La canción, sí. Sigue sonando. Me sigo encontrando con ella.

Y sigue recordándome un momento que fue único.

Fuimos a Madrid. Quedamos a cenar con Virginia, Jose, FM y Toñín. Virginia madrugaba al día siguiente y ella y Jose se retiraron pronto. Ana propuso ir a Morocco. Mario Vaquerizo sentado en la puerta de entrada. Yo estaba a gusto. Muy a gusto. No sólo la compañía. La música que sonaba. Dinarama. Raphael. Cada canción era una magdalena de Proust. “La bambola”. “Corazón contento”. Ana dijo que estaba cansada. La acompañé a que cogiera un taxi y me volví. No podía irme. Sonó “Un mundo nuevo” de Karina. Esta canción es un himno. Y entonces, “Xanadu”. Cerré los ojos y no dejé que nada pudiese distraer ese momento. Cuando acabó la canción, me acerqué al que estaba pinchando, le tendí la mano y le dije –gracias por haberme hecho pasar la mejor noche de mi vida.

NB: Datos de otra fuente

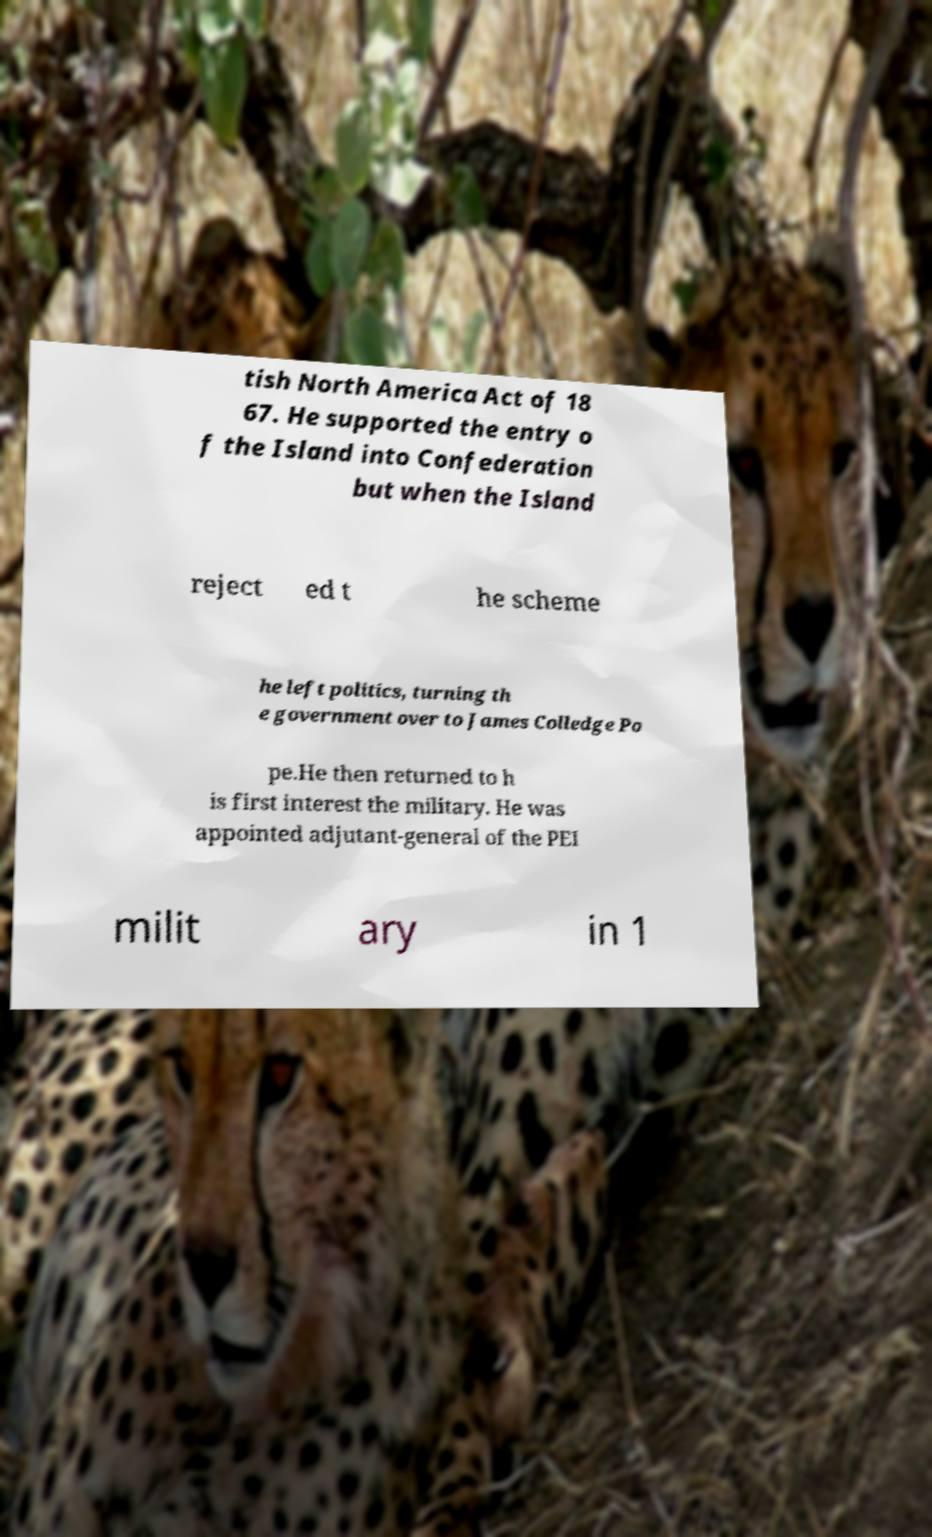I need the written content from this picture converted into text. Can you do that? tish North America Act of 18 67. He supported the entry o f the Island into Confederation but when the Island reject ed t he scheme he left politics, turning th e government over to James Colledge Po pe.He then returned to h is first interest the military. He was appointed adjutant-general of the PEI milit ary in 1 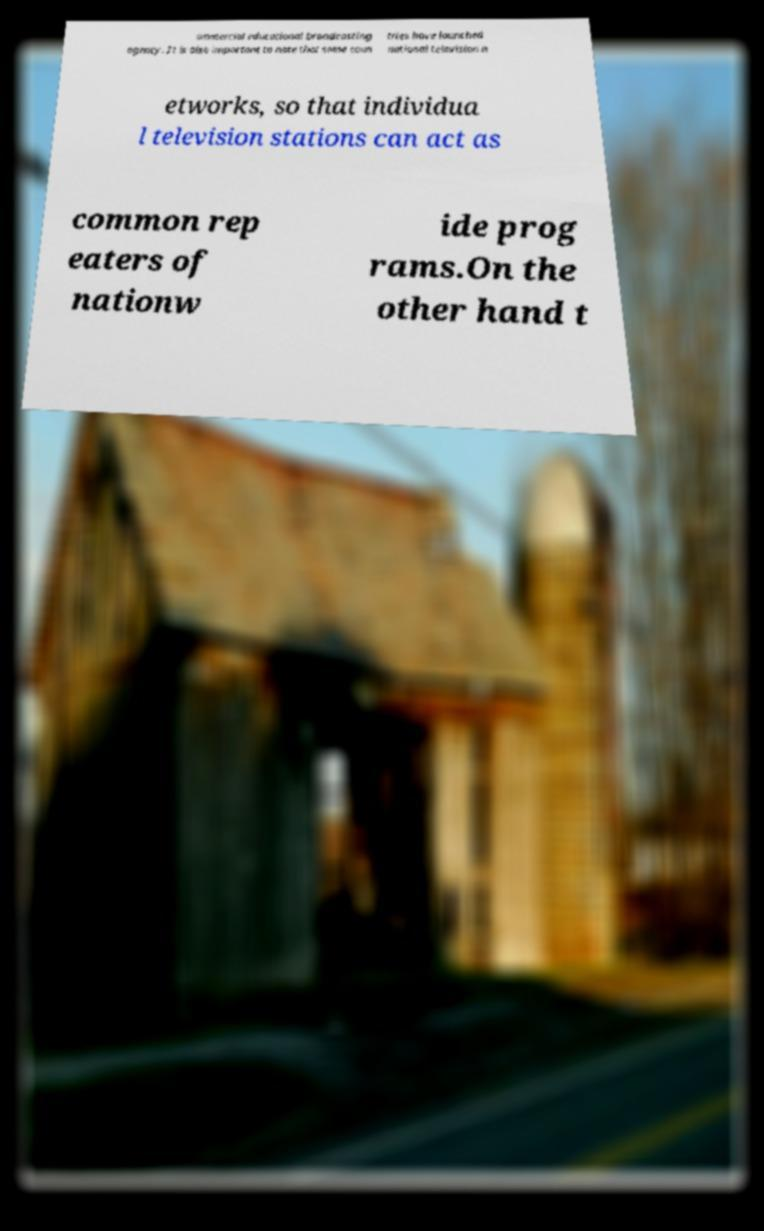Could you extract and type out the text from this image? ommercial educational broadcasting agency. It is also important to note that some coun tries have launched national television n etworks, so that individua l television stations can act as common rep eaters of nationw ide prog rams.On the other hand t 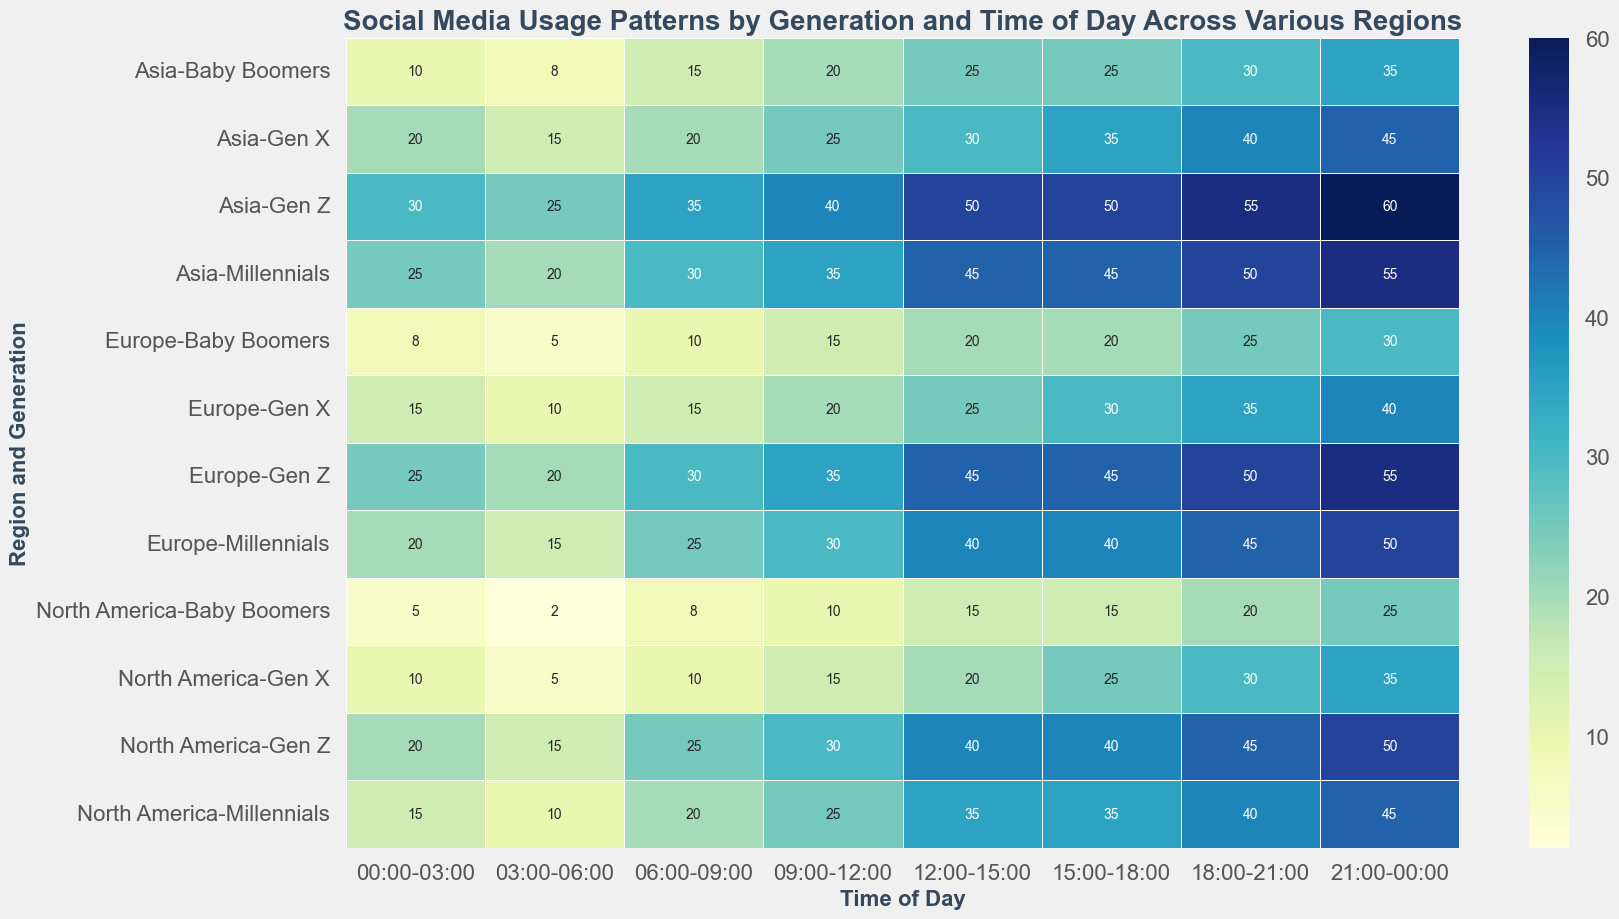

Y entonces pensé que ya podía irme a casa.

Y cada vez que escucho “Xanadu”, cada vez que se cruza por mi vida, me sonríe y me dice –yo he estado contigo en la cima de la felicidad. De hecho, te llevé de la mano. ¿No me vas a escribir nada? ¿Tanto reparo te da reconocérmelo?

Sí.

Pero ya no.

Ya no. 

martes, 2 de enero de 2024

Recompensas

Tenemos mi hija y yo una lista conjunta de canciones (el resto no opina) que solemos poner durante los viajes que hacemos en coche. Ayer fue uno de esos días. En un momento dado, sonó la versión de “Amor de mis amores” de Natalia Lafourcade. Yo ya estaba haciendo el amago de ponerme a cantar (algo que tengo restringido. Textualmente –si se te oye más a ti que al cantante…no) cuando mi hija recordó una entrada que escribí en el pasado con esta canción como parte de la misma. –Era muy bonita. Mira que lloré leyéndola.

Se puso a buscarla. -¿De cuándo era? Como recordaba dónde tuvieron lugar las escenas, le contesté –será de la segunda mitad de 2014. No, era de principio de 2015. La encontró. Ella venía en el asiento de atrás. Y mezclada con la canción, escuché cómo esa entrada aún le seguía conmoviendo.

Y yo, en aquel momento, me sentí el mejor escritor del mundo.